5. Pergunta, ainda, se a matriz e seus demais estabelecimentos poderão operar sob um único ato concessório de drawback, desde que possuam a mesma raiz no CNPJ e, sendo positiva a resposta, esse entendimento poderia ser aplicado para os atos concessórios em aberto, concedidos anterior e posteriormente à data do protocolo desta Consulta, para o estabelecimento de Taboão da Serra?

Interpretação

6. Preliminarmente, lembramos que de acordo com o artigo 9º do RICMS/2000, “Contribuinte do imposto é qualquer pessoa, natural ou jurídica, que de modo habitual ou em volume que caracterize intuito comercial, realize operações relativas à circulação de mercadorias ou preste serviços de transporte interestadual ou intermunicipal ou de comunicação”.

7. Logo, contribuinte do imposto é uma pessoa, natural ou jurídica.

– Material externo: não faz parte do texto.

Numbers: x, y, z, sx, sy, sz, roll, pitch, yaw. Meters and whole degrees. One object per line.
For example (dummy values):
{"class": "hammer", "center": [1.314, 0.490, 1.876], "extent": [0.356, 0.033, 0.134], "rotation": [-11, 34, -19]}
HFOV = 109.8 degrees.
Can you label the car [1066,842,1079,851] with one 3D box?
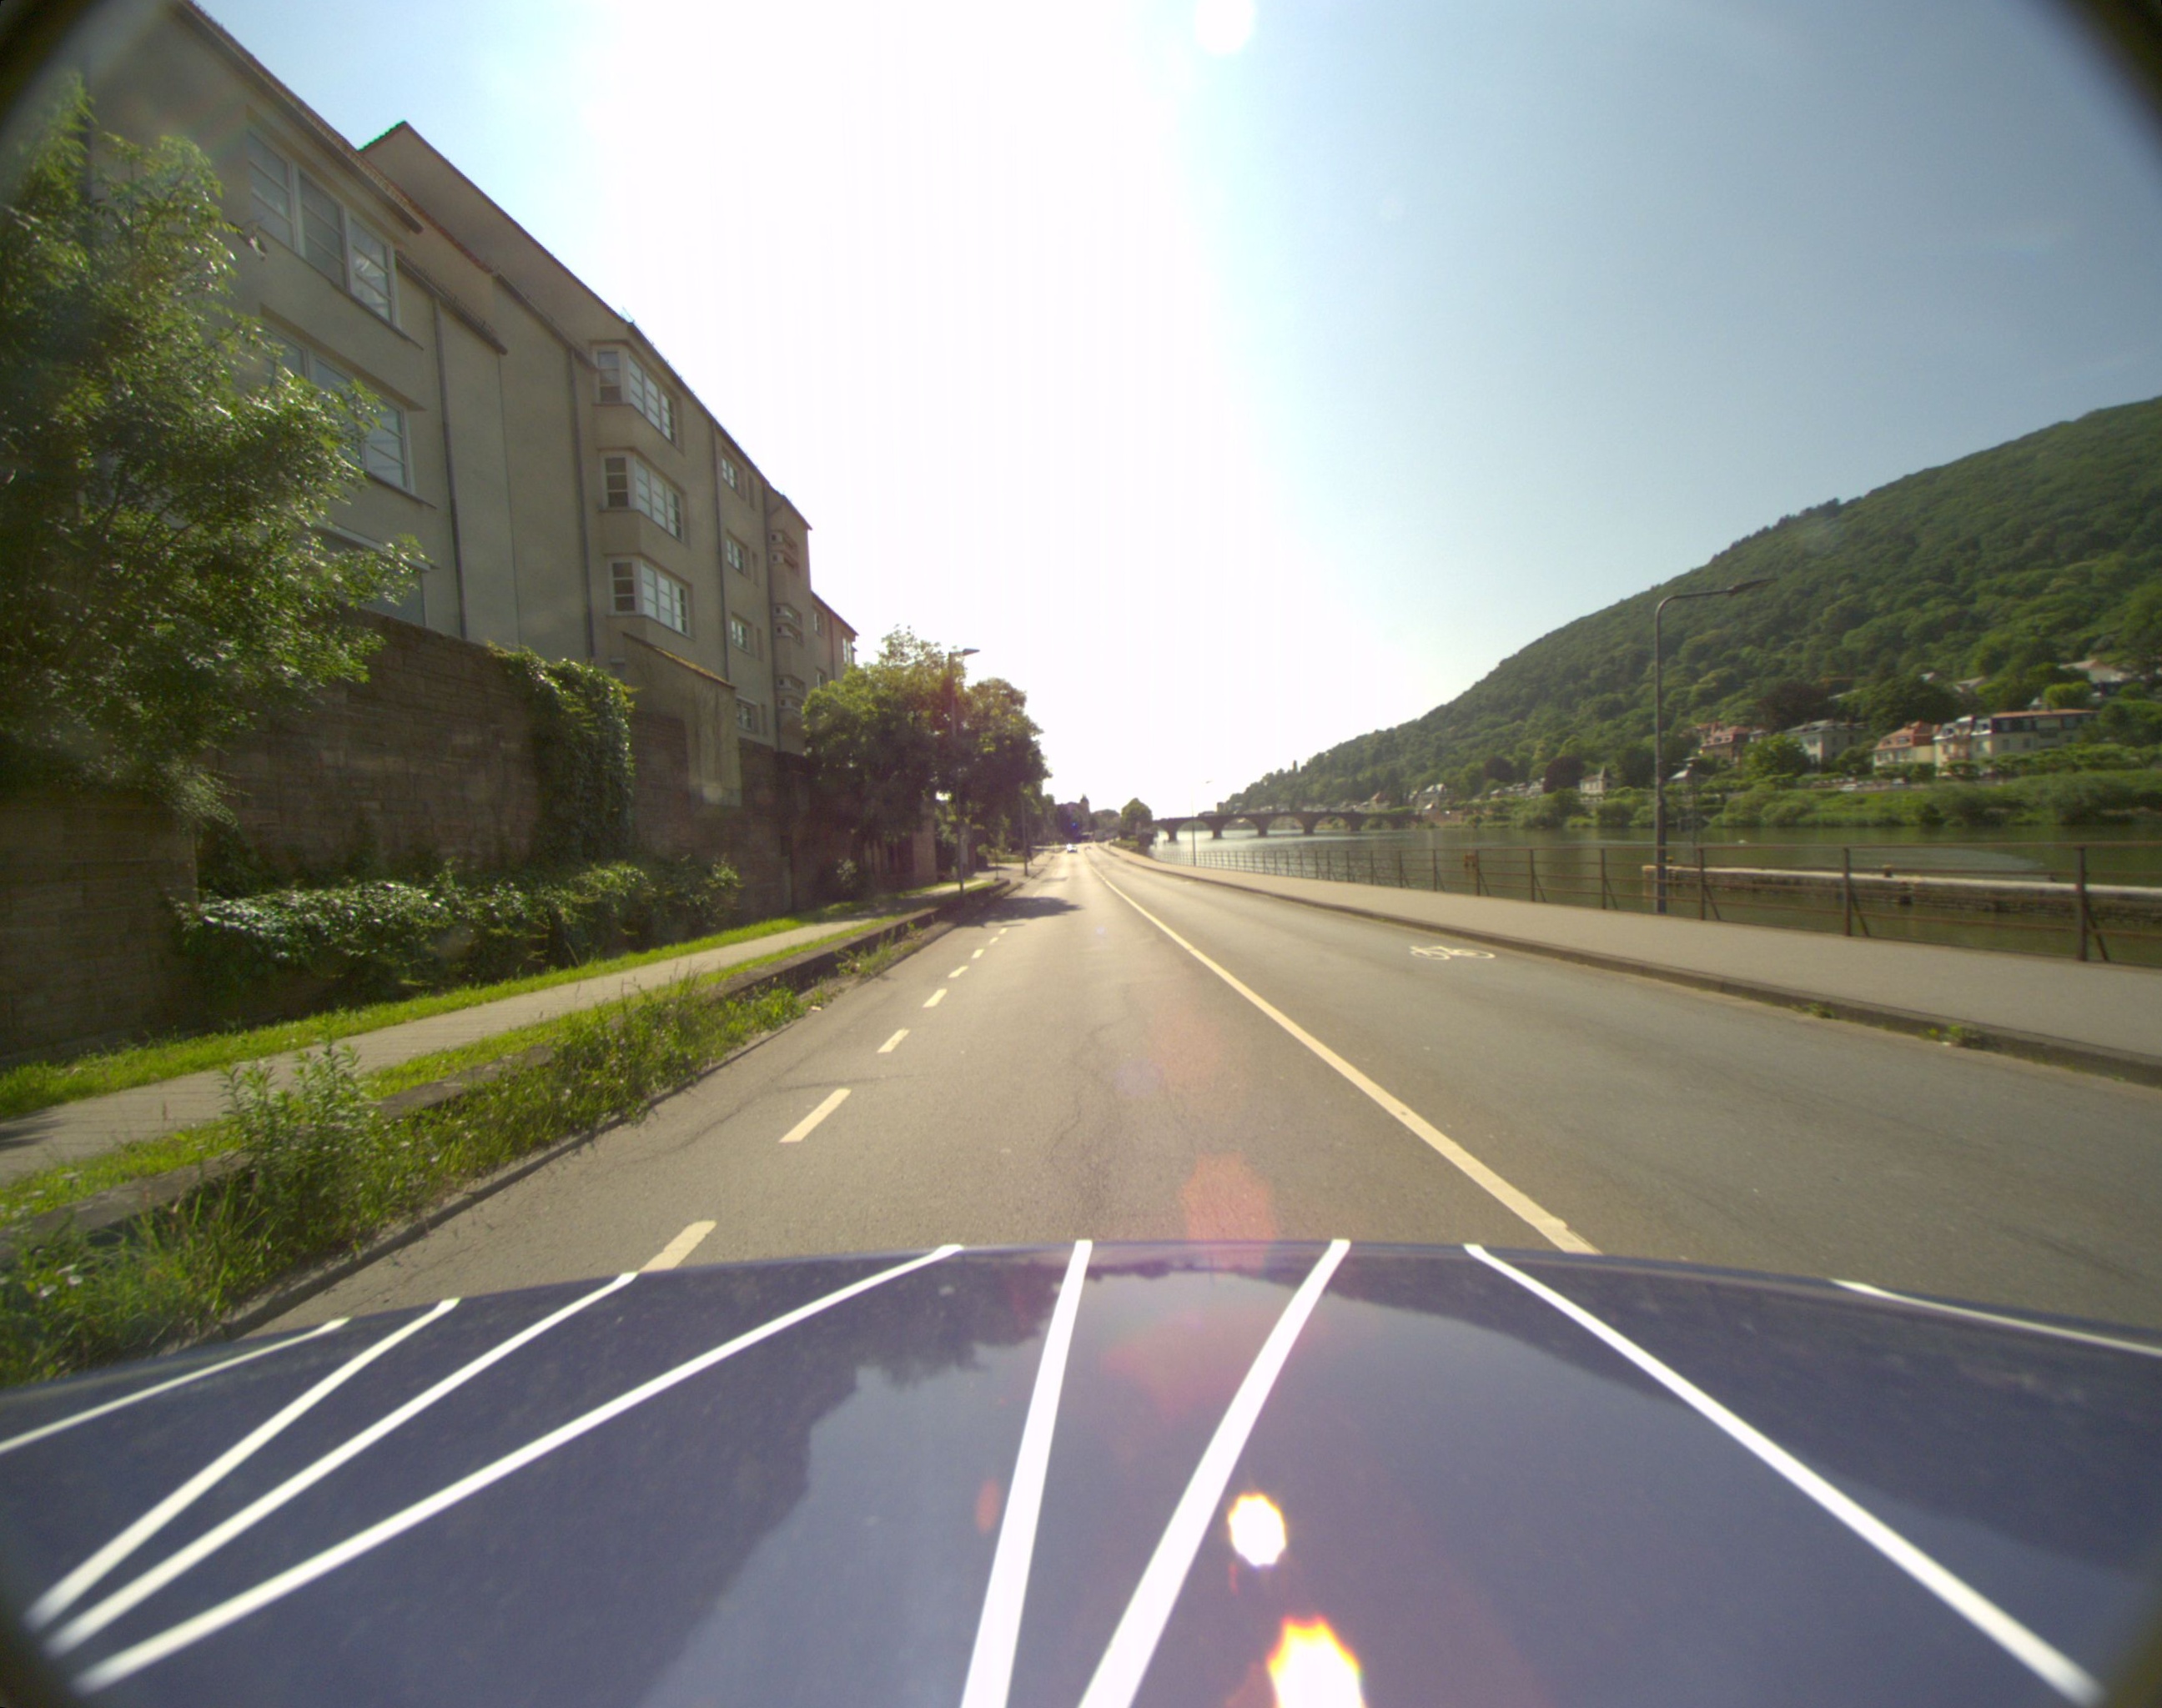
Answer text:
{"class": "car", "center": [-1.397, -1.332, 130.303], "extent": [1.998, 1.434, 4.000], "rotation": [-1, 0, 2]}

Em termos práticos, é considerada uma única pessoa jurídica ou uma única empresa, aquela que opera sob um único número básico de inscrição no Cadastro Nacional de Pessoas Jurídicas – CNPJ (oito primeiras posições).

8. Por sua vez, o artigo 14 do RICMS/2000 estabelece que “Para efeito deste regulamento, estabelecimento é o local, público ou privado, construído ou não, mesmo que pertencente a terceiro, onde o contribuinte exerça toda ou parte de sua atividade, em caráter permanente ou temporário, ainda que se destine a simples depósito ou armazenagem de mercadorias ou bens relacionados com o exercício dessa atividade” .

9. Logicamente, o contribuinte pode exercer a sua atividade em diferentes locais, por meio de diferentes estabelecimentos e, nesse caso, deverá inscrever cada um deles no Cadastro de Contribuintes do ICMS - Cadesp: o conjunto desses estabelecimentos, independentemente de sua denominação (matriz, filial, depósito, etc.) constitui uma única pessoa jurídica, situação evidenciada pelo mesmo CNPJ base.

10. Sendo assim, entendemos que quando a alínea “a” do inciso II do artigo 22 do Anexo I do RICMS/2000 determina que para valer-se do benefício da isenção do ICMS no desembaraço aduaneiro de insumos importados do exterior sob o regime de “drawback”, na modalidade “suspensão”, o importador deve promover a efetiva exportação do produto resultante da industrialização da mercadoria importada, está se referindo a qualquer estabelecimento pertencente ao importador, ou, em outras palavras, aos diferentes estabelecimentos de uma mesma pessoa jurídica, ou, de uma mesma empresa (todos os estabelecimentos que detêm o mesmo CNPJ base) que promover a importação.

11. Portanto, em resposta à indagação formulada, entendemos que não há óbice a que a Consulente transfira para outro estabelecimento do mesmo titular dentro do Estado de São Paulo, os insumos importados sob o regime de “drawback suspensão”, para que este promova a efetiva exportação do produto resultante da industrialização dos insumos importados e, desde que atendidas as condições estabelecidas no artigo 22 do Anexo I do RICMS/2000, tal transferência não implica a perda do benefício previsto no referido artigo.

A Resposta à Consulta Tributária aproveita ao consulente nos termos da legislação vigente. Deve-se atentar para eventuais alterações da legislação tributária.